The conference took place over two days featuring distinguished keynote speakers and paper presentations from an inter-disciplinary group of scholars, focusing on Europe's ‘new' relationship with Asia or the changes in Europe and Asia against the backdrop of such changing relationships.
Rising Asia - Anxious Europe was the fourth in a series of annual conferences initiated by ADI in 2008. ADI is a cross-faculty and interdisciplinary effort to meet the current challenges and demands for better knowledge of and deeper insights into Asian matters.

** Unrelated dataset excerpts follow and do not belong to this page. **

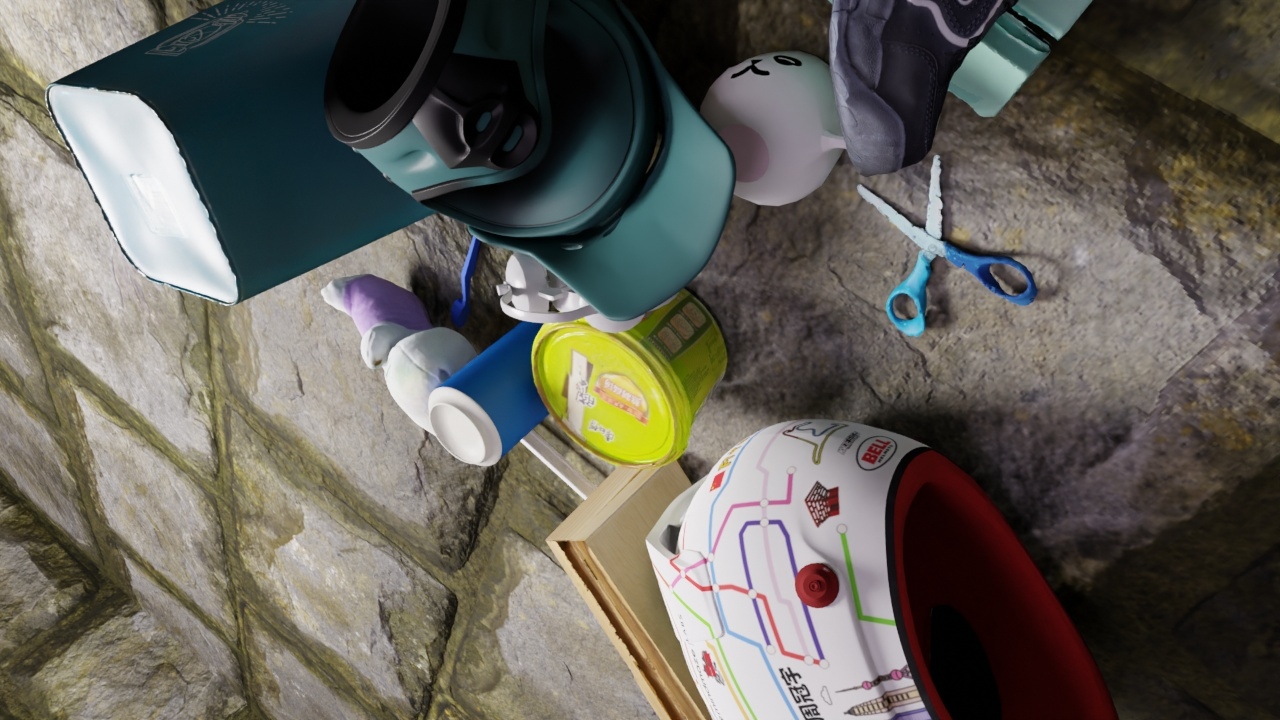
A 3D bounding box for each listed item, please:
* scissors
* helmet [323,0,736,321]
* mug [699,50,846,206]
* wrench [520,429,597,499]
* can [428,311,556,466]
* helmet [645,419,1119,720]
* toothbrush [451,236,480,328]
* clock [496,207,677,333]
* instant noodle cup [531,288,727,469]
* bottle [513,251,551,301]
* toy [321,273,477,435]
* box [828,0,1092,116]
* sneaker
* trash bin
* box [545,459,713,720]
[{"bbox_3d":[0.193,-0.068,0.577,0.127,0.014,0.127,15,126,36],"label":"scissors"},{"bbox_3d":[-0.066,-0.149,0.564,0.177,0.200,0.274,-54,37,15],"label":"helmet"},{"bbox_3d":[0.094,-0.138,0.552,0.124,0.076,0.090,11,128,33],"label":"mug"},{"bbox_3d":[-0.093,0.094,0.921,0.273,0.047,0.009,41,139,10],"label":"wrench"},{"bbox_3d":[-0.111,0.022,0.797,0.079,0.145,0.079,22,134,25],"label":"can"},{"bbox_3d":[0.150,0.192,0.649,0.237,0.230,0.314,-33,92,44],"label":"helmet"},{"bbox_3d":[-0.154,-0.098,0.840,0.011,0.016,0.187,37,136,14],"label":"toothbrush"},{"bbox_3d":[-0.032,-0.066,0.656,0.120,0.158,0.061,12,121,33],"label":"clock"},{"bbox_3d":[-0.004,0.004,0.731,0.146,0.097,0.146,23,135,24],"label":"instant noodle cup"},{"bbox_3d":[-0.077,-0.105,0.734,0.060,0.060,0.108,-3,119,41],"label":"bottle"},{"bbox_3d":[-0.211,-0.003,0.880,0.209,0.085,0.138,41,168,34],"label":"toy"},{"bbox_3d":[0.145,-0.224,0.478,0.187,0.078,0.113,37,110,8],"label":"box"},{"bbox_3d":[0.169,-0.197,0.390,0.151,0.097,0.252,12,98,13],"label":"sneaker"},{"bbox_3d":[-0.270,-0.165,0.676,0.197,0.217,0.199,15,131,32],"label":"trash bin"},{"bbox_3d":[0.035,0.223,0.850,0.092,0.127,0.249,-17,110,46],"label":"box"}]

While manufacturing operations continue to be outsourced to Asian countries, stocking fleets of Europe-bound container ships and cargo planes, economic outlooks have become increasingly Asiacentric as European businesses relocate headquarters staff to Asian capitals in order to focus on Asian markets. In spite of European goals about knowledge-based and high value economic activities, science and technology departments in Europe are increasingly populated by talented graduates from Asia, and many multinationals and even mid-range European enterprises are shifting their research and development activities to India and China. Experts often question whether the education system in Europe is geared to compete with Asia in future, as Asian governments invest in hi-tech education and industry. Simultaneously, we often hear about high-school students in Europe being encouraged to learn Asian languages to keep in step with the changing world. The sheer demographic materiality of a rapidly expanding middle class in Asia has led some to portray climate change as an outcome of economic growth in Asia, while security analysts continue to map the consequences of multi-polarity within and between Asia and Europe. And so forth.

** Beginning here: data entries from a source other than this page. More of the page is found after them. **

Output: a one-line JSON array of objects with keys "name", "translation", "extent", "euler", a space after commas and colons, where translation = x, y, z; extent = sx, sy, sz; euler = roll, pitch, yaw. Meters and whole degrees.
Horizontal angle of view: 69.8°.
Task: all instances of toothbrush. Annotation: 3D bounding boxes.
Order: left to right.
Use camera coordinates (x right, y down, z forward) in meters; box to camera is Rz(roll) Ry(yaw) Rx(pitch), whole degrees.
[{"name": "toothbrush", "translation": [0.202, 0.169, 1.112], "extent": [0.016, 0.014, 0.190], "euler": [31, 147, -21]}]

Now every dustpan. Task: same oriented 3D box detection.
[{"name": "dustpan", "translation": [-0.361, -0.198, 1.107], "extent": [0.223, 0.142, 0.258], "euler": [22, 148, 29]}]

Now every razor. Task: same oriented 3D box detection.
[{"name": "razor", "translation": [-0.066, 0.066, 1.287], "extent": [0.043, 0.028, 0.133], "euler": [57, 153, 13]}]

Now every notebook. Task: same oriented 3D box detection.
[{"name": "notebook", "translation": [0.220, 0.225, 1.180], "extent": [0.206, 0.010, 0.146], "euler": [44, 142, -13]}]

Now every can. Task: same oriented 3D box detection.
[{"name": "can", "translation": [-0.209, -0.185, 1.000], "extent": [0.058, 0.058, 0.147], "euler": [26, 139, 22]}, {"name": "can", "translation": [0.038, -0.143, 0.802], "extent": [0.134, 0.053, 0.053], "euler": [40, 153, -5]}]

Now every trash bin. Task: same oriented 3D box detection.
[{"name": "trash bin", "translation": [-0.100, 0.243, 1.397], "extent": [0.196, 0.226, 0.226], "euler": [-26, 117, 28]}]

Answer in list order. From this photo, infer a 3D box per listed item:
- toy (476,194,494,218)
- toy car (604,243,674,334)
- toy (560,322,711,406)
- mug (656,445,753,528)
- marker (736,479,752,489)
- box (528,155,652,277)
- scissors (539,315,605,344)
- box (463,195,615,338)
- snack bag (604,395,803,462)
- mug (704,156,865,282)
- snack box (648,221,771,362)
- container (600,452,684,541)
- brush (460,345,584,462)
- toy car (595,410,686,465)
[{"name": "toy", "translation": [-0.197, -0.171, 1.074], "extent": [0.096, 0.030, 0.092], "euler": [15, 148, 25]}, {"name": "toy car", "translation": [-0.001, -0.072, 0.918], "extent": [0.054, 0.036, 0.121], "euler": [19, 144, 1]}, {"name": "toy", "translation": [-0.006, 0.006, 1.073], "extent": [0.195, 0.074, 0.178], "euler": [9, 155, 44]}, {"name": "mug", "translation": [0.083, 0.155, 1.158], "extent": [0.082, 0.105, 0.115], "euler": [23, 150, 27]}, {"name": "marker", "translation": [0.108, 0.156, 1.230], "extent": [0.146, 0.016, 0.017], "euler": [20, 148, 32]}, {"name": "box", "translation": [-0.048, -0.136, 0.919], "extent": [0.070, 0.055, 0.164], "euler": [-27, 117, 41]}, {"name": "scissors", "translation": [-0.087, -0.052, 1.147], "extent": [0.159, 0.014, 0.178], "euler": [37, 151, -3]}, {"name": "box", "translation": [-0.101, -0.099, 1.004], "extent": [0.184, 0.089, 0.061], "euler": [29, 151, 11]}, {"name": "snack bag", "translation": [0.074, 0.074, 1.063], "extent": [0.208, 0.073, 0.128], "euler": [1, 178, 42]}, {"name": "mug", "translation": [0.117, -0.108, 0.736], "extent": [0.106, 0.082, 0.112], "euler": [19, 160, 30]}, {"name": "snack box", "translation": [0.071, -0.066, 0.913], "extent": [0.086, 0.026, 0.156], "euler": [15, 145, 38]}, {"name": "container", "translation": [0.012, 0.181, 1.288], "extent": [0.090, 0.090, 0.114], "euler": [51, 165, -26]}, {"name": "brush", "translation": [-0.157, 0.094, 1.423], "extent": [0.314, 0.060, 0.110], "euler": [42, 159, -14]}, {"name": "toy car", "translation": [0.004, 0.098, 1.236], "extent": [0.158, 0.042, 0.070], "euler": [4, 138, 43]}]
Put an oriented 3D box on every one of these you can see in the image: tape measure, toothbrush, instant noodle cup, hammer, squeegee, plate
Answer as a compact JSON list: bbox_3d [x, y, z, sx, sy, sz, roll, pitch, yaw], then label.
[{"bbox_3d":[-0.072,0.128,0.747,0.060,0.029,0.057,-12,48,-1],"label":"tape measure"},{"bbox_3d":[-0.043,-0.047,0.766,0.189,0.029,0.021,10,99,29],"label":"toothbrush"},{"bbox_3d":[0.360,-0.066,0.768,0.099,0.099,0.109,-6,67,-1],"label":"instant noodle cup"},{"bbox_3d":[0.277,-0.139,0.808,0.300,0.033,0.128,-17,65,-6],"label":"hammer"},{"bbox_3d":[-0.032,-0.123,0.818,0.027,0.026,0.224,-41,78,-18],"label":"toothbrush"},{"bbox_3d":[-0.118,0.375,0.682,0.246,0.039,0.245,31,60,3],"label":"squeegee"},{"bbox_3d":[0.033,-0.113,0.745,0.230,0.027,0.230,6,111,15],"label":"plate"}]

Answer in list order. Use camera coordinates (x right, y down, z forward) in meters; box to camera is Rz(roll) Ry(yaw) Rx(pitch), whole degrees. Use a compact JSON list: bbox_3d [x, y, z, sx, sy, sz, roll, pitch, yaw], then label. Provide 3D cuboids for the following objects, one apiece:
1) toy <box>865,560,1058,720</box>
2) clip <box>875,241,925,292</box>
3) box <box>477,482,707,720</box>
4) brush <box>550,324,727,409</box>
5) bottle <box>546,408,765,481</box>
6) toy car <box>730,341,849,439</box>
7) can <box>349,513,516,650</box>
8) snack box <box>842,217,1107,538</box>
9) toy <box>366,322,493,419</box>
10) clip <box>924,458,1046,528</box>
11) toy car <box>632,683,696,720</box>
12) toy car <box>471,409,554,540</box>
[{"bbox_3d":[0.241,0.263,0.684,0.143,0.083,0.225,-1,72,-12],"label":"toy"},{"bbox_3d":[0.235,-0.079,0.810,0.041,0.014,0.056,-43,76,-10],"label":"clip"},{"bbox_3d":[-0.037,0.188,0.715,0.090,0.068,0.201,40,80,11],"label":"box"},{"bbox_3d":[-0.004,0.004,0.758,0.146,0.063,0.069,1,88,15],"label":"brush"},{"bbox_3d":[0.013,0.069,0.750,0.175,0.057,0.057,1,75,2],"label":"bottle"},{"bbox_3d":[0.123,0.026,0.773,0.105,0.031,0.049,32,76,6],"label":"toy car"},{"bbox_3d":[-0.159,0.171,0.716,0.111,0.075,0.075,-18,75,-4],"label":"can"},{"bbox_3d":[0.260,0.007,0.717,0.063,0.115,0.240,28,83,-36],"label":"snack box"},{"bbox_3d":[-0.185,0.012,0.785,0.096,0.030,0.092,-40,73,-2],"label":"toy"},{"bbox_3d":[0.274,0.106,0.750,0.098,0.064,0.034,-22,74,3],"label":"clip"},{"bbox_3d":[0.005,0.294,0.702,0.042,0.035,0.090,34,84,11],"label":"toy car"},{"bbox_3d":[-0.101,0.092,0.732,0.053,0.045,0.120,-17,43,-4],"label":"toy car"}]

Depending on the vantage point, the dramatic ‘rise' of Asia appears to Europeans as a double-edged sword, perched between allure and anxiety. The rise of Asia, within the popular European imagination, is somehow conjoined with the current politics of economic austerity, job losses, shrinking profits and industrial decline in Europe. Clearly, Asia - led by India and China - is etched within the current political imagination of Europe, and this can be witnessed in the ways in which European states and corporations are beginning to forge a ‘new' relationship with Asia. As we seek to understand this fresh encounter, we approach Asia and Europe not as distinct territorial entities that can be visibly and materially separated and contrasted with each other, but we rather place them discursively as ideas with specific histories that have been critical to the formation of popular imaginations, inimical and intimate relationships, and fears of and desires for the other.

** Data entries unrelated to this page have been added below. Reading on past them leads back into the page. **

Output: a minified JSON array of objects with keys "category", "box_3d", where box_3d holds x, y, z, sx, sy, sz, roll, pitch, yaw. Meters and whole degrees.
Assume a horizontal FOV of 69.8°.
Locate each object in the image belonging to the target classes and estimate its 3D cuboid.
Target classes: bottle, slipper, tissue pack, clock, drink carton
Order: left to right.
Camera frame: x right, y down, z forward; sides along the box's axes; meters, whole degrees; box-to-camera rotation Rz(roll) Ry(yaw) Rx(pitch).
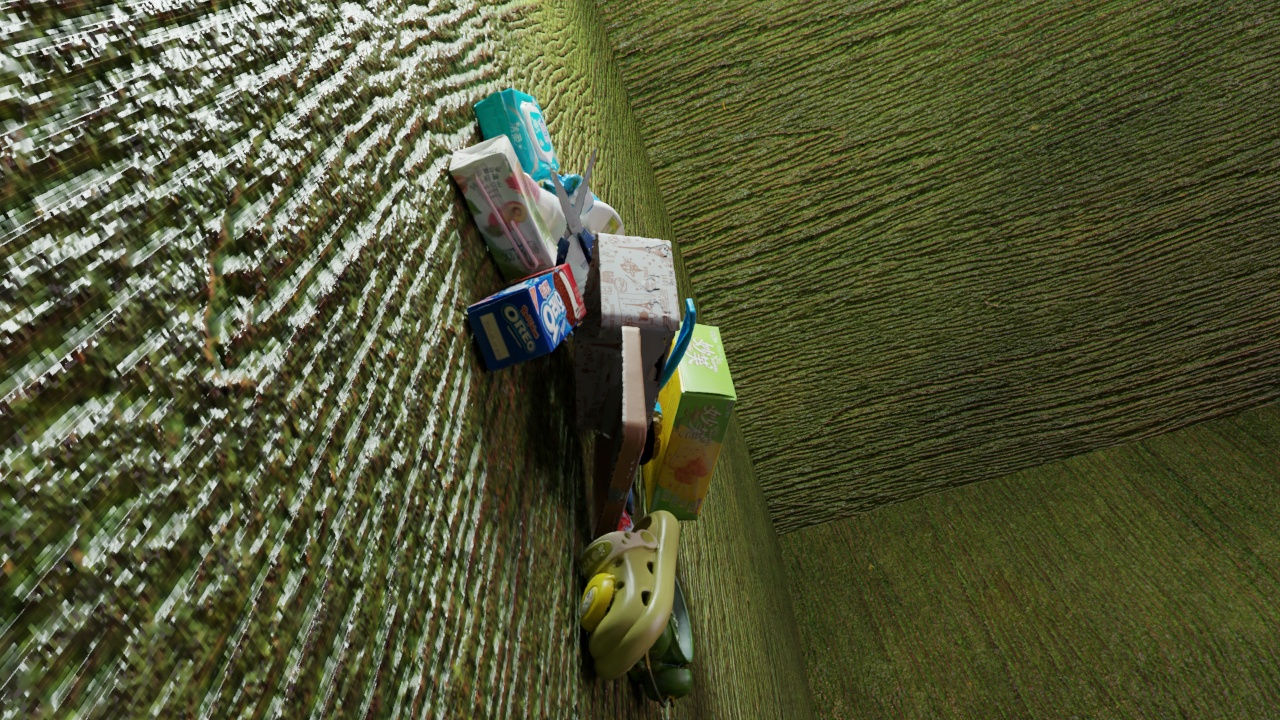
[{"category":"drink carton","box_3d":[-0.120,-0.132,0.819,0.045,0.053,0.122,-91,162,-54]},{"category":"tissue pack","box_3d":[-0.129,-0.234,0.969,0.133,0.050,0.093,-69,142,-76]},{"category":"bottle","box_3d":[-0.091,-0.129,0.967,0.197,0.068,0.068,51,24,-61]},{"category":"slipper","box_3d":[-0.019,0.192,0.806,0.081,0.092,0.190,32,28,-6]},{"category":"clock","box_3d":[0.012,0.262,0.891,0.161,0.056,0.116,-91,161,-59]}]

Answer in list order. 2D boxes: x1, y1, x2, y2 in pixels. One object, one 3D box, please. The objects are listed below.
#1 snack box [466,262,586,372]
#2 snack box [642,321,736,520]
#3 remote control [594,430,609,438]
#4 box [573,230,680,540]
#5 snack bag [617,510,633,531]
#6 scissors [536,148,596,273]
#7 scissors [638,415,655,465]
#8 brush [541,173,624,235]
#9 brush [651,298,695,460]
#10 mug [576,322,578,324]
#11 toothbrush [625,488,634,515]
[{"category":"snack box","box_3d":[-0.093,-0.041,0.802,0.207,0.057,0.058,-68,139,-77]},{"category":"snack box","box_3d":[0.055,0.078,1.174,0.157,0.070,0.210,-97,-163,-54]},{"category":"remote control","box_3d":[-0.038,0.079,1.048,0.056,0.019,0.135,47,28,-72]},{"category":"box","box_3d":[-0.018,0.024,0.889,0.177,0.082,0.259,105,-14,-47]},{"category":"snack bag","box_3d":[-0.014,0.191,0.964,0.045,0.026,0.105,-101,172,-52]},{"category":"scissors","box_3d":[-0.067,-0.125,0.925,0.012,0.162,0.174,29,-3,29]},{"category":"scissors","box_3d":[0.002,0.008,1.051,0.148,0.021,0.235,-134,-130,-56]},{"category":"brush","box_3d":[-0.072,-0.182,1.059,0.109,0.060,0.314,37,1,15]},{"category":"brush","box_3d":[0.025,0.028,1.078,0.083,0.045,0.255,-102,-156,-43]},{"category":"mug","box_3d":[-0.042,-0.050,1.108,0.123,0.078,0.078,50,24,-57]},{"category":"toothbrush","box_3d":[-0.024,0.103,1.116,0.016,0.014,0.189,103,-19,-55]}]

In May 2012, the Asian Dynamics Initiative (ADI) convened an international conference to unravel the ‘new' encounter between Asia and Europe which is yet to be understood fully. The idea was to address the political and policy concerns - ranging from anxieties of economic downturn and changing capital flows, climate change attributed to increased energy consumption in growing Asian economies, continued population growth that will potentially lay an even greater demand on the world's natural resources to fears of Europe losing its competitive edge in a world where Asian economic and military power might have an upper hand. In short, the ‘rise of Asia' was not an event confined to Asia alone. Its effects can be witnessed in the ways European economies, societies, politics and cultural imaginings are themselves being rearranged as a consequence. There is of course nothing new about Europe-Asia encounters as such, yet the contours of such encounters continue to shift. The thrust of our exploration is not limited to the imagined rivalries between Europe and Asia, but includes exploring similarities, intimacies and unities in terms of intellectual, literary and artistic output that have defined and blurred the two entities predicated upon one another.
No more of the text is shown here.